I have a fastq file of 400,000 reads (so speed is important). In the sequences there are barcodes integrated that should be present twice. Given a barcode, I want to find the sequences that have the barcode present twice with <= 2 mismatches. So, with a barcode 'ATTCGACCGATAGG', I would like to retrieve all of the following sequences-
>TATCTTGTGGAAAGGACGAAACACCGAACACAAAGCATAGATGCGTTTAAGAGCTATGCTGGAAAACAGCATAGCAAGTTTAAATAAGGCTAGTCCGTTATCAACTTGAAAAAGTGGCACCGAGTCGGTGCTTTTTTT**ATTCGACCGATAGG**GGTGGCAGGGGAGGCCGAGGAGGAAGAAGGGGAGGTGGCAG**ATTCGACCGATAGG**TGGCGTAACTAGATCTTGAGACAAA
TATCTTGTGGAAAGGACGAAACACCGGTCCGAGCAGAAGAAGAAGTTTAAGAGCTATGCTGGAAACAGCATAGCAAGTTTAAATAAGGCTAGTCCGTTATCAACTTGAAAAAGTGGCACCGAGTCGGTGCTTTTTTT**ATTCGACCGATAGG**GGTGGCAGGGGAGGCCGAGGAGGAAGAAGGGGAGGTGGCAG**ATTCGACCGATAGG**TGGCGTAACTAGATCTTGAGACAAA
TATCTTGTGGAAAGGACGAAACACCGAGTCCGAGCAGAAGAAGAAGTTTAAGAGCTATGCTGGAAACAGCATAGCAAGTTTAAATAAGGCTAGTCCGTTATCAACTTGAAAAAGTGGCACCGAGTCGGTGCTTTTTTT**ATTCGACCGATAGG**GGTGGCAGGGGAGGCCGAGGAGGAAGAAGGGGAGGTGGCAG**ATTCGACCGATAGG**TGGCGTAACTAGATCTTGAGACAAA
TATCTTGTGGAAAGGACGAAACACCGAGTCCGAGCAGAAGAAGAAGTTTAAGAGCTATGCTGGAAACAGCATAGCAAGTTTAAATAAGGCTAGTCCGTTATCAACTTGAAAAAGTGGCACCGAGTCGGTGCTTTTTTT**ATTCGACGATAGG**GGTGGCAGGGGAGGCCGAGGAGGAAGAAGGGGAGGTGGCAG**ATTCGACCGATAGG**TGGCGTAACTAGATCTTGAGACAAA
Note that the first barcode in the fourth sequence is short of one character. I have tried with biopython and regex but it's just too slow given I have 5k barcodes. I am wondering if there is a fast solution available in python or in something like grep, awk or anything else. Thanks.

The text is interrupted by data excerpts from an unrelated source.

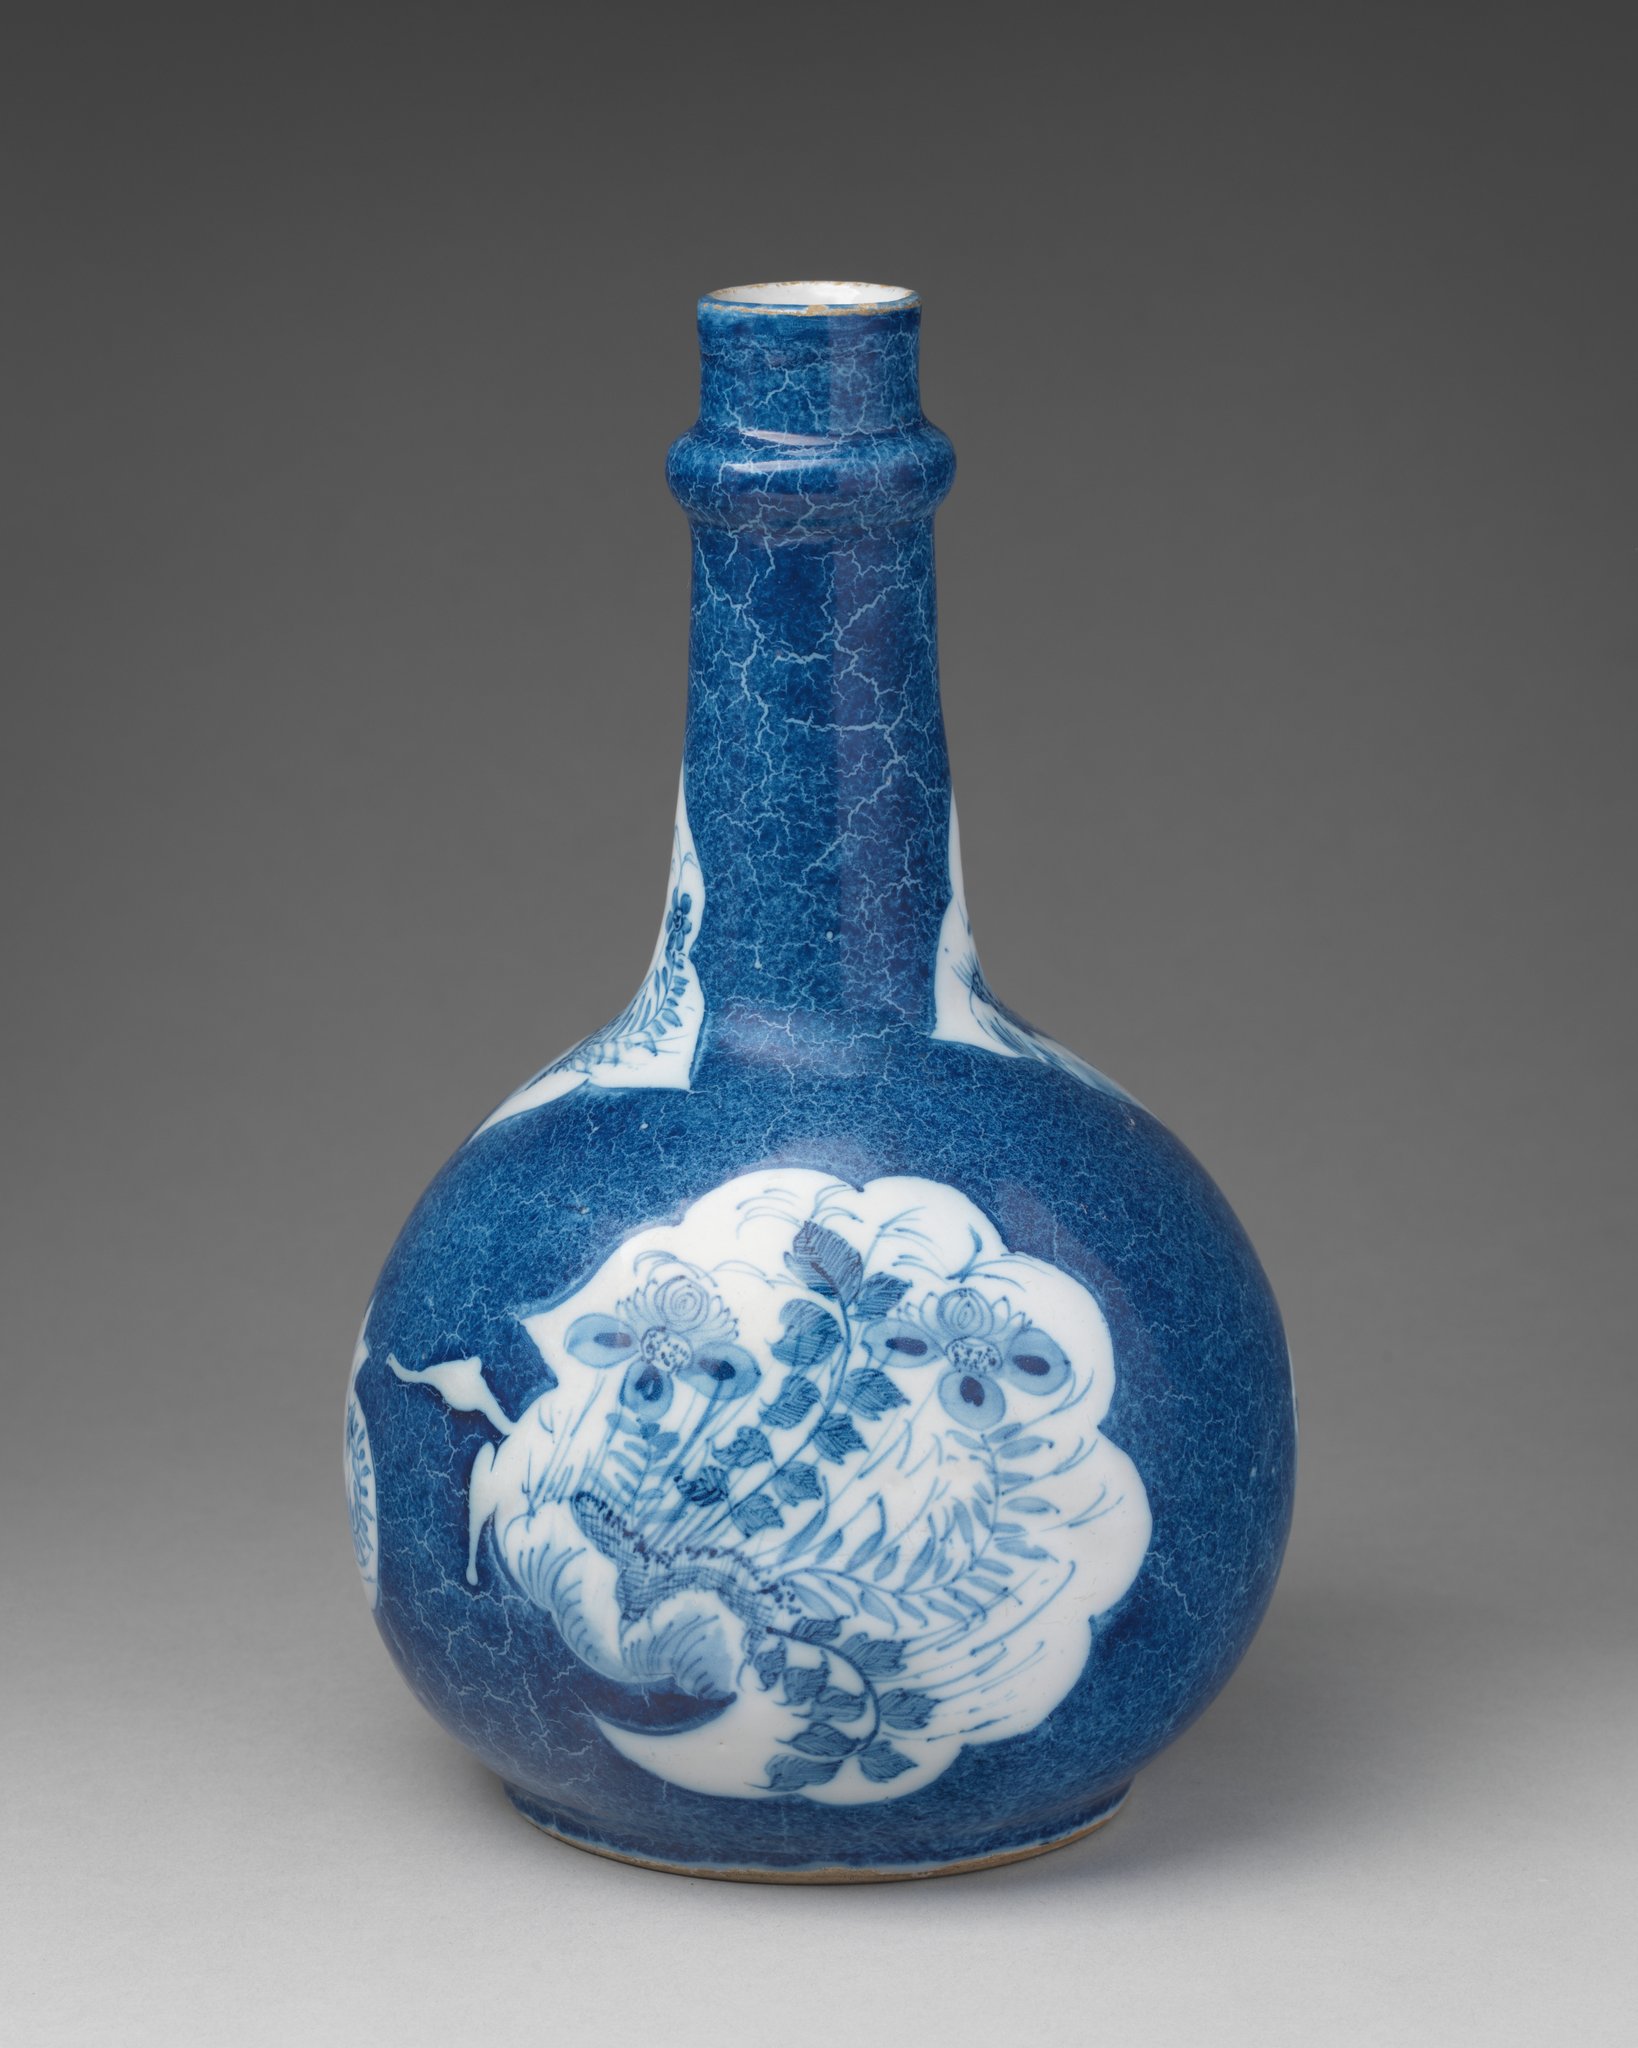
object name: bottle
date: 1734-1766
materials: earthenware
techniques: glazing
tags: flowers

Use cutadapt and control the error rate. Please read cutadapt manual for parameter explanation:
edit: edited for fastq, instead of fasta
Thanks for the reply. Does cutadapt allow for <=n mismatches on the barcodes?
Cutadapt allows maximum error rate or number of mismatches (n) per matched index sequence. Please read cut adapt manual on error rate.